Exercise aim | This task calls for every entry below to be repeated exactly, without the pictures.

Information |
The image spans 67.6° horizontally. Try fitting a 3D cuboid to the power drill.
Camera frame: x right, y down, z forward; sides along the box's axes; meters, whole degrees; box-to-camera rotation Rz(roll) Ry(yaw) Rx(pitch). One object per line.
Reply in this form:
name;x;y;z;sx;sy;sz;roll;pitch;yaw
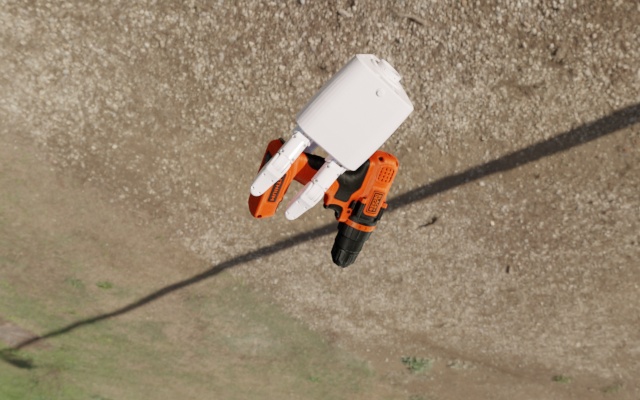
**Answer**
power drill;0.000;0.002;0.661;0.188;0.184;0.057;12;19;-26

Written response |
The image spans 67.6° horizontally. Try fitting a 3D cuboid to the power drill.
Camera frame: x right, y down, z forward; sides along the box's axes; meters, whole degrees; box-to-camera rotation Rz(roll) Ry(yaw) Rx(pitch). One object per line.
Reply in this form:
name;x;y;z;sx;sy;sz;roll;pitch;yaw
**Answer**
power drill;0.000;0.002;0.661;0.188;0.184;0.057;12;19;-26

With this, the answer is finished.